Dad looks sad at this comment, even though he knows how Jake is.
“That’s not how family works!” I say. “Dad’s in our family when he’s at home and when he’s on the road.”
“I would never want to be a truck driver,” Jake says.
“You don’t have to be one,” I say. I squeeze Dad’s hand.
“Well, we’re just so pleased you could all make it,” Helen says. She looks a little weepy and a little nervous. This is how she looks all the time now.
Danny promised he wouldn’t tell anyone about our new hypothesis, but I’m suspicious he let something slip to his mother. She’s looking at me in a brand-new way, and it’s making me itchy. She hugs me three times in three minutes, and that is too many hugs.
The second we’re inside, she starts snapping pictures of me and Danny, and no matter how many times he tells her to stop, she won’t.

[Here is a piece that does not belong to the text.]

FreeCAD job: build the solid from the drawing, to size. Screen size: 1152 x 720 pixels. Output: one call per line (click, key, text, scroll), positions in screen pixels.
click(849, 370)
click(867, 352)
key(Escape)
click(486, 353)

“You can see me anytime,” he says with his arms crossed over his chest. “You don’t need a million photos of me.” I wonder what Ms. Fitch would say about the photos. I think Helen is taking pictures of the way she wants things to be, more than the way they are. Ms. Fitch would approve, I think. “Art isn’t a research paper,” she said last week. “There’s no right or wrong. It’s about the things you want and miss and love and wish you knew.”
I hope Helen’s photos show her what she wants to see.

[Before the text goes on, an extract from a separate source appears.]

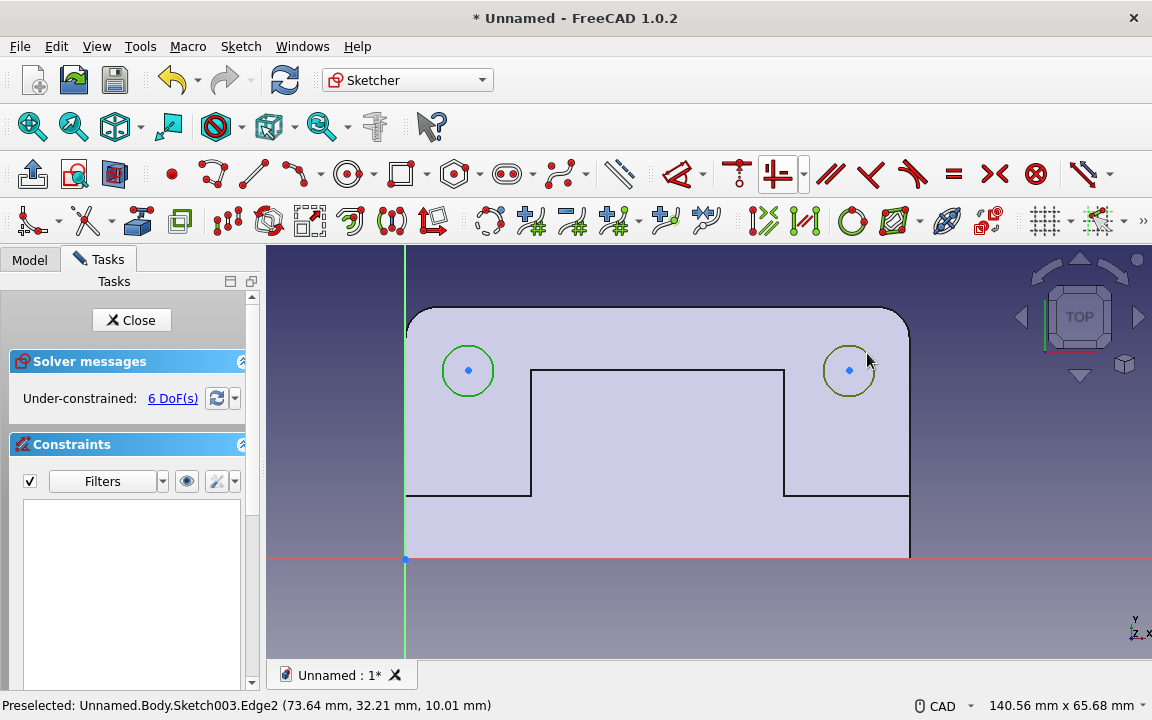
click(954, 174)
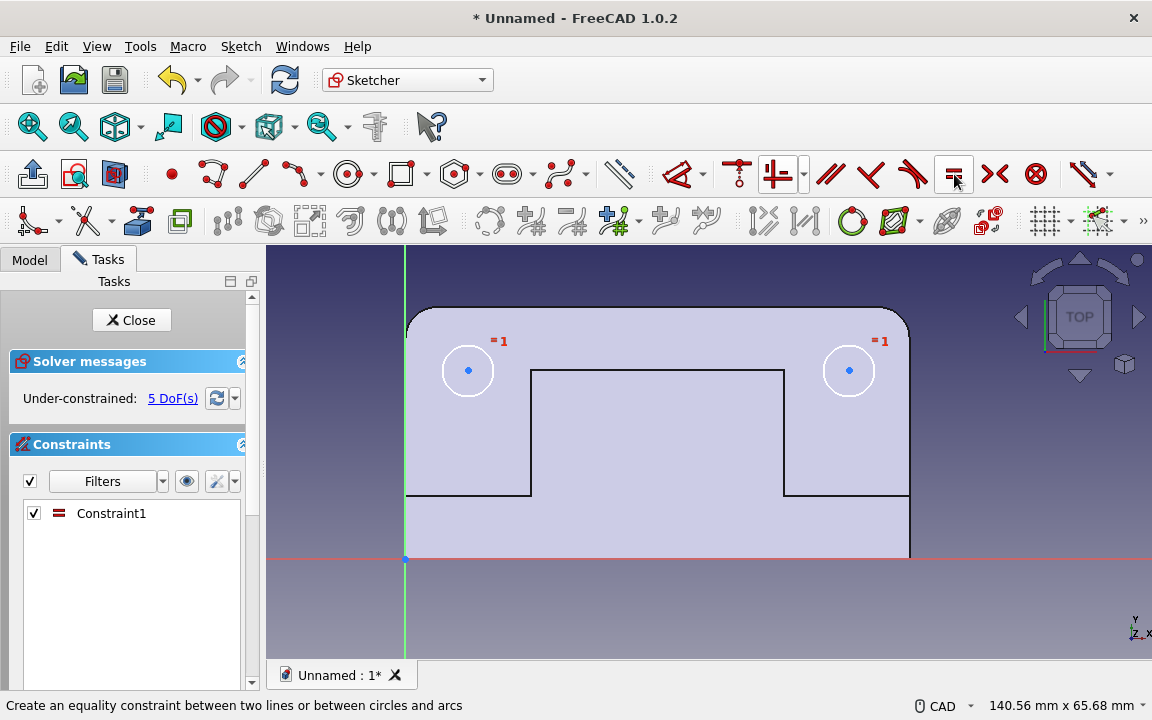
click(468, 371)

Last night Danny called me, but I could barely hear him. His voice was hoarse and small. He didn’t sound anything like regular Danny. He said something was wrong with his throat and that he had a brand-new infection in his ears.
He begged me to come over. I did. He felt better after about half an hour.

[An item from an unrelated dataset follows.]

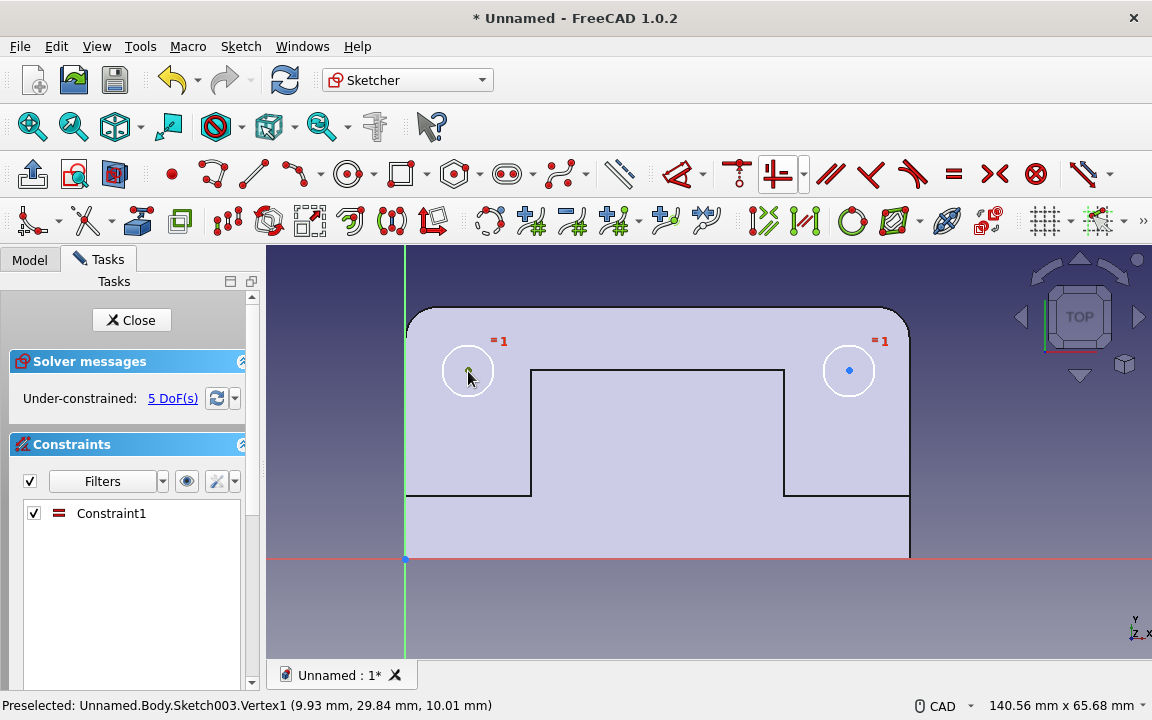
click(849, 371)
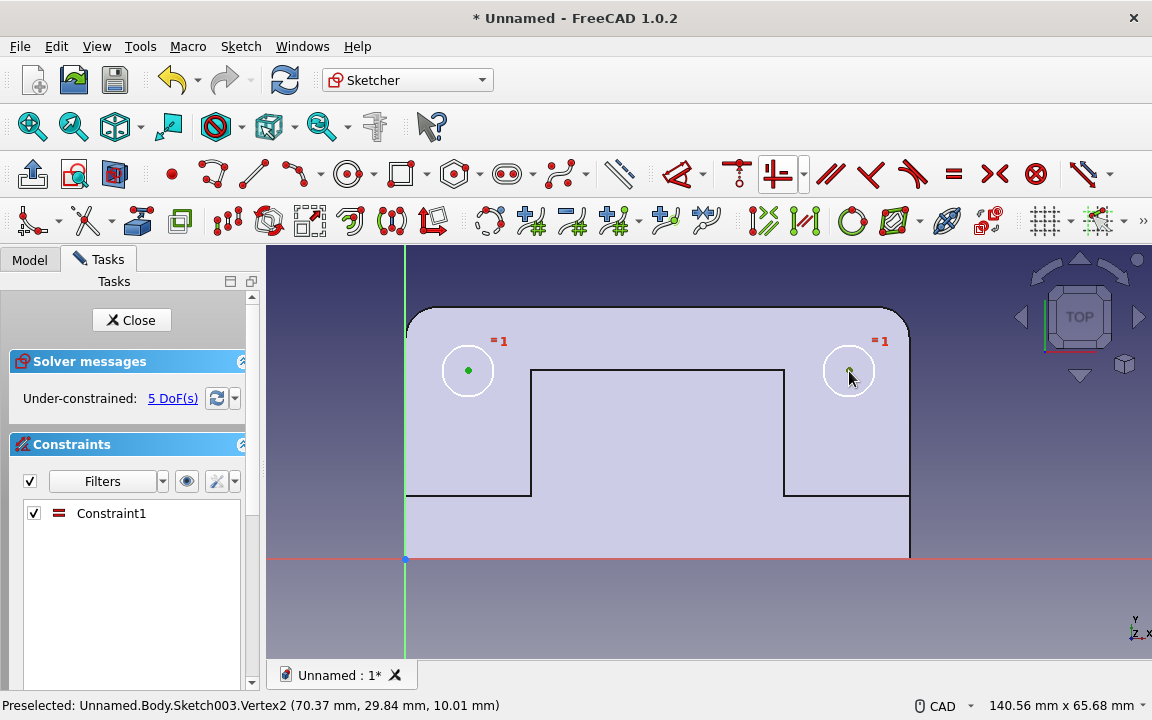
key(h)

“See, you’re fixing me,” he said, but I disagreed.
“I’m like cold medicine,” I said, pulling out my notebook to show him the patterns. “You feel better for a little, but then you feel worse. I don’t make you not sick, I just fix your symptoms.”
But Danny didn’t want to hear it. “We don’t know how it works,” he said. “That’s why we have to go to Vermont. To find out.”
He’s right. We don’t know if I’m like cold medicine or if I have to be within five feet of him for the rest of our lives to keep him well.
We need more answers. And we aren’t getting them from any of the doctors on Danny’s “team.”
“I want to remember every wonderful day,” Helen says, snapping another photo and saying the word wonderful like it’s a dessert she’s licking up. “Stand closer to Danny, Clover.”
I give Danny a look. “Did you tell her?” I whisper.
Danny shrugs.
“You promised!”
“I didn’t tell her, but she kind of guessed on her own. You’re not the only scientist. Mom knows stuff too.”
“Did you ask her about Vermont again?” I ask. “Vermont is more important than me anyway.”
“You know she won’t let me travel. She says I’ll get even more infections if I’m in new environments.”
We should be whispering more quietly, but everyone’s talking over everyone else, so we’re pretty sure no one’s listening to us. Jake is being very loud; he’s a great distraction sometimes.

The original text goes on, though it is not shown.